Stunning! Nothing more, nothing less... just stunning!

Regards,
Chris


----------



## Yoda-BB (25 Jan 2015)

Thank you all.


----------



## Alexander Belchenko (25 Jan 2015)

Great! Like that wicked hardscape.


----------



## rodoselada (26 Jan 2015)

very, very, very nice tank, hardscape


----------



## James Fawkes (28 Jan 2015)

This will be the inspiration for my next scape  amazing


----------



## havok (8 Feb 2015)

Awesome job on the scape Even loved the look of it plantless :O


----------



## mantis147 (9 Feb 2015)

Really nice tank! Out of interest what is the wood you are using?


----------



## Jaybles (3 Mar 2015)

That is amazing. Can I ask how to wood is secure? Did you have to fix it in any way? I tried having a piece similar before but couldn't get it to stay where I wanted it.

Sorry if I'm missing something, I'm new to this level of planted tanks!


----------



## Richard Dowling (31 May 2015)

Your wood is incredible! Its almost like dead bonzai trees that have been left to dry out! Nice scape


----------



## Yoda-BB (11 Jun 2015)

Thank you all for the comments...



mantis147 said:


> Really nice tank!
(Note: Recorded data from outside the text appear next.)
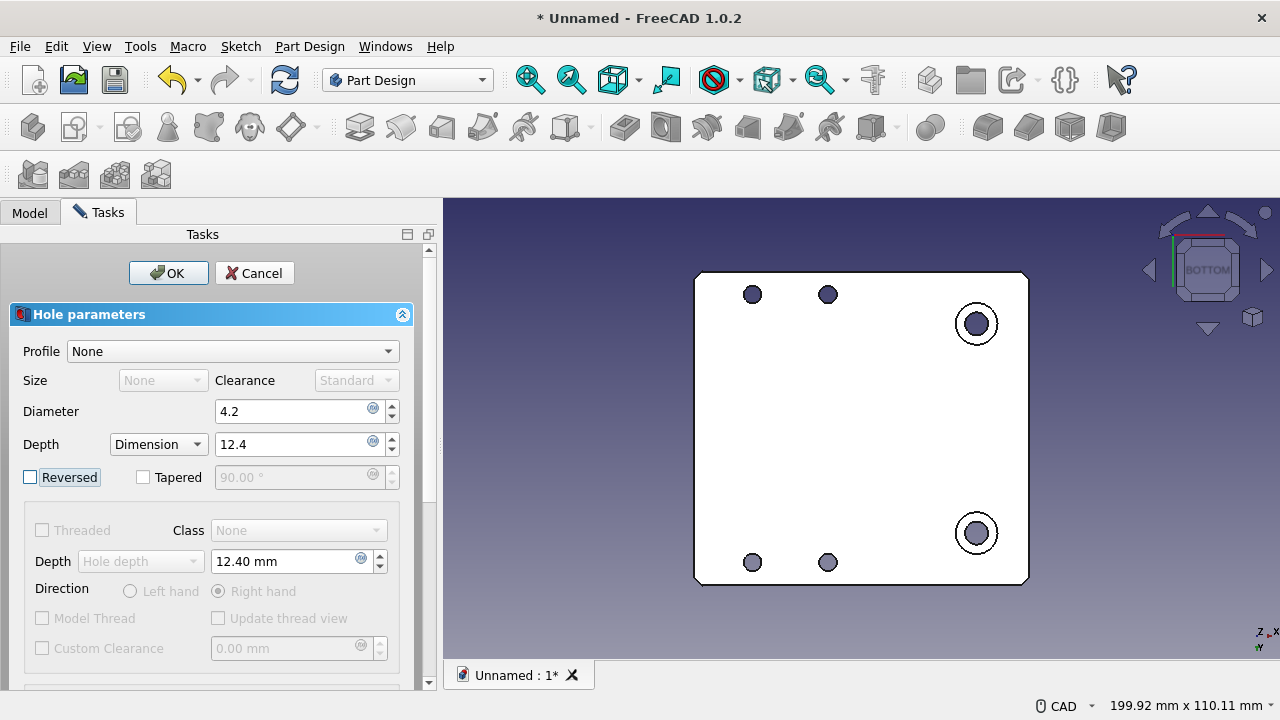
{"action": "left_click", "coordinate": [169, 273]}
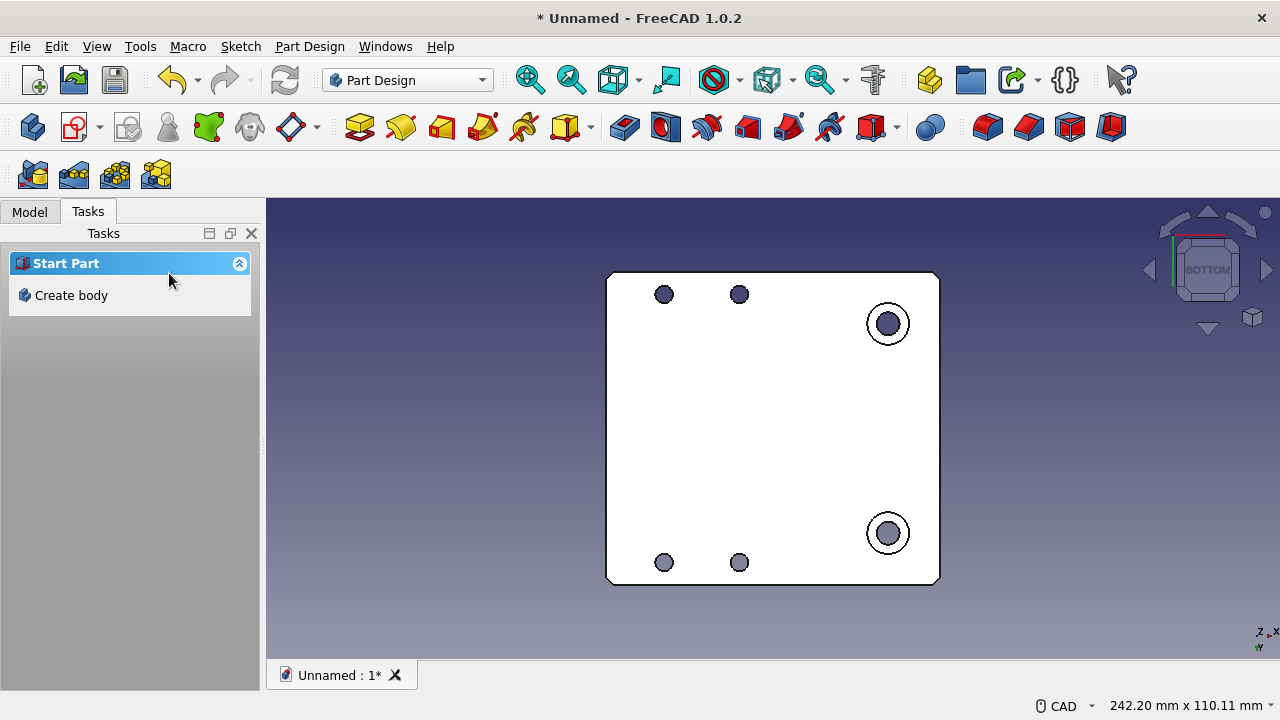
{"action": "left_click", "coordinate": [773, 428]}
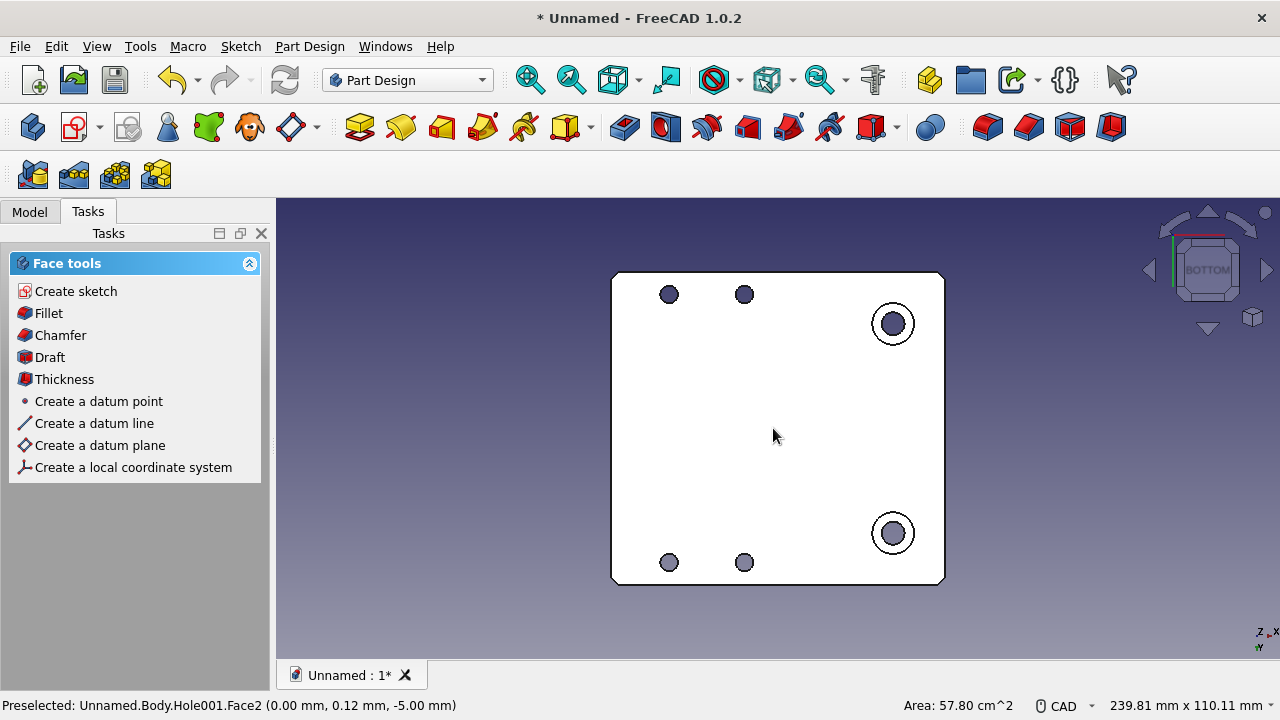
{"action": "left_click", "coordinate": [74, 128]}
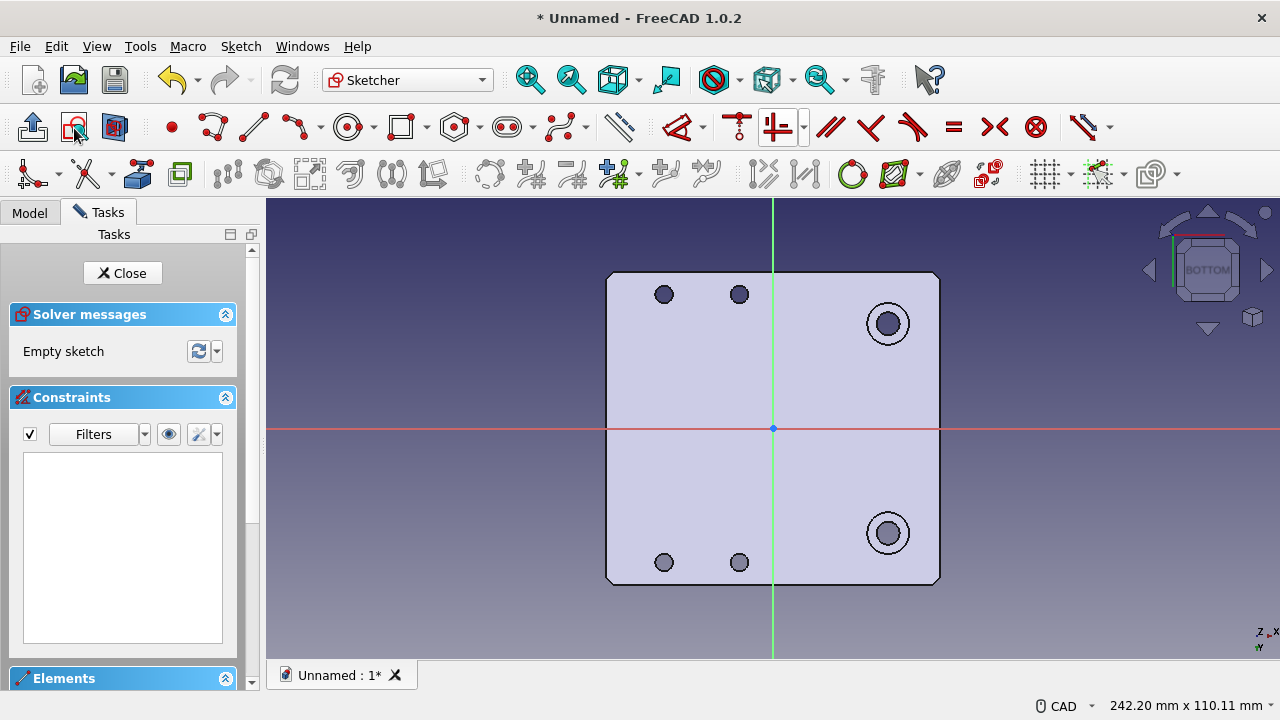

Out of interest what is the wood you are using?





Richard Dowling said:


> Your wood is incredible! Its almost like dead bonzai trees that have been left to dry out! Nice scape



It is the dead bonzai tree. Sorry, I don't kwow the exact name of the tree. 



Jaybles said:


> That is amazing. Can I ask how to wood is secure? Did you have to fix it in any way? I tried having a piece similar before but couldn't get it to stay where I wanted it.
> 
> Sorry if I'm missing something, I'm new to this level of planted tanks!



There're roots on the big two pieces of the wood. I just added a few rocks into the roots and a big rock at the back of the right one as the base to make them a little bit stronger.


----------



## zozo (11 Jun 2015)

Abstract art!! I see a knight riding a horse, battling the witch!? Nice tank..


----------